Giorgio Moroder Is a 73-Year-Old EDM Badass
Giorgio Moroder is stressed.
Sitting at a cush booth at Spago in Beverly Hills, the Italian producer and two time Academy Award winner, trendy at the moment after his appearance on Daft Punk's recent album, just learned that his set at this weekend's Hard Day of the Dead will be 30 minutes longer than he anticipated.
He doesn't have enough material prepared.
He is freaking out.
At 73, Moroder will be the oldest person to ever play Hard.
He's been hitting the festival circuit lately, playing gigs in Japan, Sweden, Mexico, Brazil and Amsterdam and keeping the same pace as artists young enough to be his grandchildren.
He admits this jetset lifestyle is tiring, but the thrill of tens of thousands of people responding to the music he plays? That makes him smile.
Maybe you don't know Moroder beyond his cameo on Random Access Memories, "Giorgio By Moroder," but the man is one of the architects of EDM. He's been called the father of disco and is known for producing many of the hits by '70s dance queen Donna Summer, with whom he was close friends. That astral synth on Summer's "I Feel Love"? Classic Moroder. Or perhaps you've heard "Call Me" by Blondie? That's him too. "What a Feeling", from Flashdance snagged him one of the Oscars. He also wrote the theme song for the 1984 Olympic Games in L.A. and "The Neverending Story" from the movie classic of the same name.
He perks up a bit when you mention this last song. "I just took that out of the mix.
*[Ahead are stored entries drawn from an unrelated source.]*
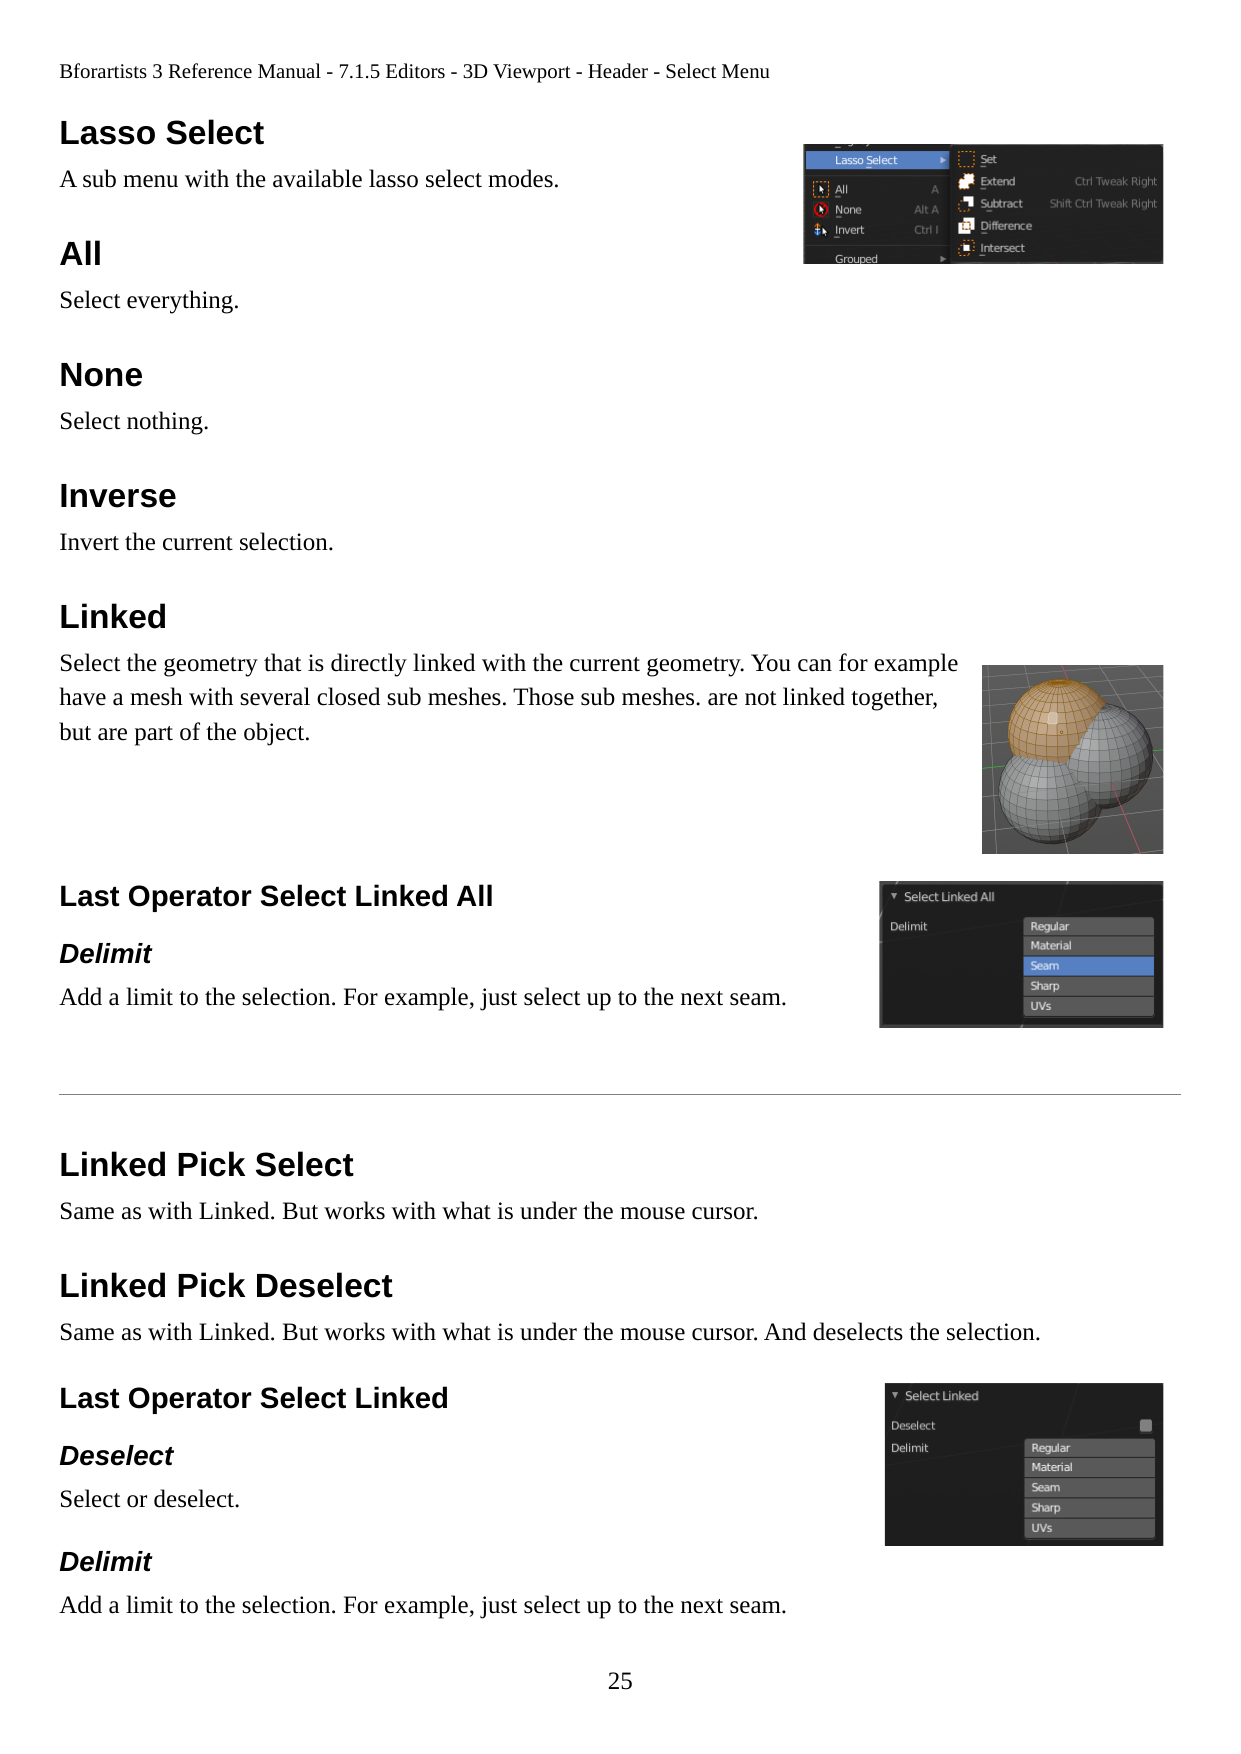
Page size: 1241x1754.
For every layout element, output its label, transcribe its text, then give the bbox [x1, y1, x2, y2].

picture [879, 881, 1164, 1028]
subtitle Last Operator Select Linked [59, 1381, 1181, 1414]
subtitle Last Operator Select Linked All [59, 879, 1181, 912]
subtitle Linked Pick Select [59, 1145, 1181, 1183]
text Select nothing. [59, 406, 1181, 434]
text Select everything. [59, 285, 1181, 313]
subtitle Lasso Select [59, 113, 1181, 151]
subtitle Deselect [59, 1439, 884, 1471]
subtitle None [59, 355, 1181, 393]
subtitle Linked Pick Deselect [59, 1266, 1181, 1304]
text [1164, 1484, 1181, 1513]
text Invert the current selection. [59, 527, 1181, 556]
text Add a limit to the selection. For example, just select up to the next seam. [59, 1590, 1181, 1618]
subtitle [1164, 937, 1181, 969]
text A sub menu with the available lasso select modes. [59, 164, 803, 192]
text Same as with Linked. But works with what is under the mouse cursor. [59, 1196, 1181, 1225]
subtitle Delimit [59, 1545, 1181, 1577]
text Select or deselect. [59, 1484, 884, 1513]
text Select the geometry that is directly linked with the current geometry. You can for example have a mesh with several closed sub meshes. Those sub meshes. are not linked together, but are part of the object. [59, 648, 1181, 746]
text Same as with Linked. But works with what is under the mouse cursor. And deselects the selection. [59, 1317, 1181, 1346]
picture [803, 144, 1164, 264]
subtitle Inverse [59, 476, 1181, 514]
picture [982, 665, 1164, 854]
picture [884, 1383, 1164, 1546]
text Add a limit to the selection. For example, just select up to the next seam. [59, 982, 879, 1011]
subtitle Linked [59, 597, 1181, 635]
subtitle All [59, 234, 1181, 272]
subtitle Delimit [59, 937, 879, 969]
subtitle [1164, 1439, 1181, 1471]

Do you think I should put it back in?" Um, yes!
Hailing from northern Italy, Moroder is basically a G. He's tight with the manager here at Spago, has worked with Bowie, produced the soundtrack for Scarface and once designed a limited edition Italian supercar. He lives in L.A. with his wife. They like the weather here.
While he tried to be a singer early in his career, he found was better suited to composing. "Every singer wants to become Michael Jackson, and now I'm almost like Michael Jackson. The second I go out there, 30,000 people are shouting. Basically, as a DJ, I'm where I really wanted to be as a singer."
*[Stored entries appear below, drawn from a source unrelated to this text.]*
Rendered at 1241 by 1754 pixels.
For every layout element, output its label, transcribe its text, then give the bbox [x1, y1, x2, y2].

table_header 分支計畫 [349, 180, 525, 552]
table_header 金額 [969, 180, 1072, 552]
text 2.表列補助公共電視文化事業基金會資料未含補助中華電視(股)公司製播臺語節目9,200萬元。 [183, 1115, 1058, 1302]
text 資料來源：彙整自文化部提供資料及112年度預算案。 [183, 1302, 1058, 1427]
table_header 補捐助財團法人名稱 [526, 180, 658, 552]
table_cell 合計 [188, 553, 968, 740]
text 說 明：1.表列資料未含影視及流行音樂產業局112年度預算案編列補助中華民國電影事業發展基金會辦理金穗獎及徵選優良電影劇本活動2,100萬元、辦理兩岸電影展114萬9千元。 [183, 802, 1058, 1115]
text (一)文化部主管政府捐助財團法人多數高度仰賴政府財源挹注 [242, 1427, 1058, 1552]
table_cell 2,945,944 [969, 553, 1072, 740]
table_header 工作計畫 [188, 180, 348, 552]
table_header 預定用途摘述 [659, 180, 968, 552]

His current wave of popularity was sparked by the rumor that he was working with Daft Punk. "Everyone in the world was waiting to hear that album, so to be part of it," he says, "suddenly I was back in business."
As such, a bunch of new school artists appear on Love to Love You Donna, a recently-released album of remixes by DJs including Afrojack, Holy Ghost! and Chromeo. He says it was emotional, listening to the master tracks of these songs (which he had been storing in his laundry room), and hearing the voice of Summer, who passed away last year.
Giorgio Moroder at the Red Bull Music Academy
Christelle de Castro / Red Bull Content Pool
Right now, Moroder is into Avicii, Calvin Harris, Deadmau5 and Skrillex. ("His music is very out there.")
"I don't know how it happened," he says of being on lineups alongside these guys. "I kept asking Gary Richards when he booked me, do you think I'll be able to fill the tent?" He gets a bit nervous when you tell him that he and Deadmau5 have the same set time at Day of the Dead.
Some may consider him a curiosity act, and Moroder admits he isn't super dexterous with technology or as good at reading the audience as a guy like Tiësto, but the fact is he has more dance hits in his back pocket than most guys in the Beatport top ten.
Realistically though, Moroder is an older man who can't tour like Steve Aoki. His dream is to do a theatrical Vegas show incorporating his hits. "I could just take the elevator down from my room and play," he says, pondering how much money he could make on such an endeavor. He seems encouraged when you tell him that that seems like a reasonable possibility.
Giorgio Moroder plays Hard's Day of the Dead this Sunday, November 3.